Investing.com-- Most Asian stocks rose on Friday as heavyweight technology shares steadied from several sessions of steep declines, although regional indexes were still set for deep weekly losses.
Regional stocks took middling cues from a mostly negative overnight session on Wall Street, where major technology stocks continued to fall after a couple of underwhelming earnings from the sector. But their pace of losses now appeared to be easing, while U.S. stock index futures also rose in Asian trade.
Markets took some positive cues from stronger-than-expected second-quarter U.S. GDP data.
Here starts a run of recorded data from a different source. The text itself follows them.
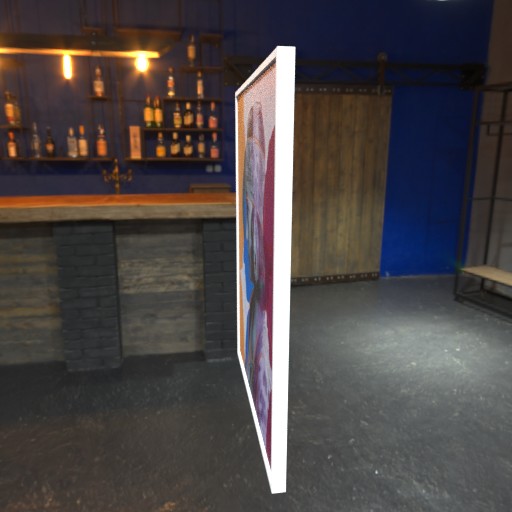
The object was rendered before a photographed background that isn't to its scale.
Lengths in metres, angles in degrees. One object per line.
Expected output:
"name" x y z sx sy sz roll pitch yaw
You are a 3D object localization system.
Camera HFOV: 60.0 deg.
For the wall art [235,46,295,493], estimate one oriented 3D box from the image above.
"wall art" 0.000 0.000 1.386 0.039 1.050 0.795 -2 14 -8

Focus was also squarely on upcoming PCE price index data, which is the Federal Reserve’s preferred inflation gauge, for more cues on interest rate cuts.
Tech-heavy Asian bourses rose on Friday, with South Korea’s KOSPI adding 0.9%, while Hong Kong’s Hang Seng index rose 0.7%. Japan’s Nikkei 225 index added 0.5%, with all three indexes recovering a small measure of steep losses this week.
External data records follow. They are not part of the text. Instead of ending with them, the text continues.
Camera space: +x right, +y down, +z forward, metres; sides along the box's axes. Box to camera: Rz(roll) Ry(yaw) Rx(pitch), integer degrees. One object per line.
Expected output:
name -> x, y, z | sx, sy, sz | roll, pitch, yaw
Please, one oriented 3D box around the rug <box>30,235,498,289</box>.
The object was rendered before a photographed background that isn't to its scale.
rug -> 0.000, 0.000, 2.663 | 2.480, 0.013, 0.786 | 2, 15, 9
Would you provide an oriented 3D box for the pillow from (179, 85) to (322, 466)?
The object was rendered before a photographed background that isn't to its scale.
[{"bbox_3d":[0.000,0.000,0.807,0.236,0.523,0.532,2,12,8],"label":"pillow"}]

The three were down between 1.8% to 5.2% this week, with the Nikkei seeing the worst declines.
The tech sector steadied after extended profit-taking and a shift into more economically sensitive sectors battered valuations over the past week. Losses were worsened by underwhelming earnings from major U.S. tech companies.
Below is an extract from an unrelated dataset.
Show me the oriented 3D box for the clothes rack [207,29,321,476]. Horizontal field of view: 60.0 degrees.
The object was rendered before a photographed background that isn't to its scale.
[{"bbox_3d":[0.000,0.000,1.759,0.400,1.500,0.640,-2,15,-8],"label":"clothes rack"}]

Taiwan chipmaker TSMC (TW:2330) (NYSE:TSM) was an outlier in Asian tech on Friday, with the firm’s Taipei shares tumbling nearly 7% after a two-day holiday in Taiwan due to Typhoon Gaemi.
Japanese stock markets were the worst performers in Asia this week, with growing uncertainty before a Bank of Japan meeting next week also adding to selling pressure.
The Nikkei and the broader TOPIX both sank over 5% this week.
Middling consumer price index data for Tokyo added to this uncertainty on Friday. The reading showed a core gauge of underlying inflation fell sharply in July, which could give the BOJ less headroom to hike interest rates.
Markets are largely split over whether the BOJ will hike rates by 10 basis points next week.
Among broader Asian markets, Chinese stocks continued to lag their peers, with the Shanghai Shenzhen CSI 300 and Shanghai Composite indexes both falling slightly and remaining at five-month lows.
The two indexes were also down between 3% and 4% this week, having taken little support from surprise interest cuts by the People’s Bank.
Australia’s ASX 200 rose nearly 1%. The index, along with India’s Nifty 50, was the best performer in Asia this week, with both indexes nursing a weekly decline of only 0.5%. The two benefited from flows into more economically-sensitive sectors, as investors positioned for lower interest rates this year.
Nifty futures pointed to a flat open for the index, which did see some measure of profit-taking this week, while investors also reacted negatively to an increase in India’s capital gains tax rates under the 2024 union budget.
Still, the Nifty and the BSE Sensex 30 retained a bulk of gains made through July, where they hit a series of record highs on optimism over Indian economic growth.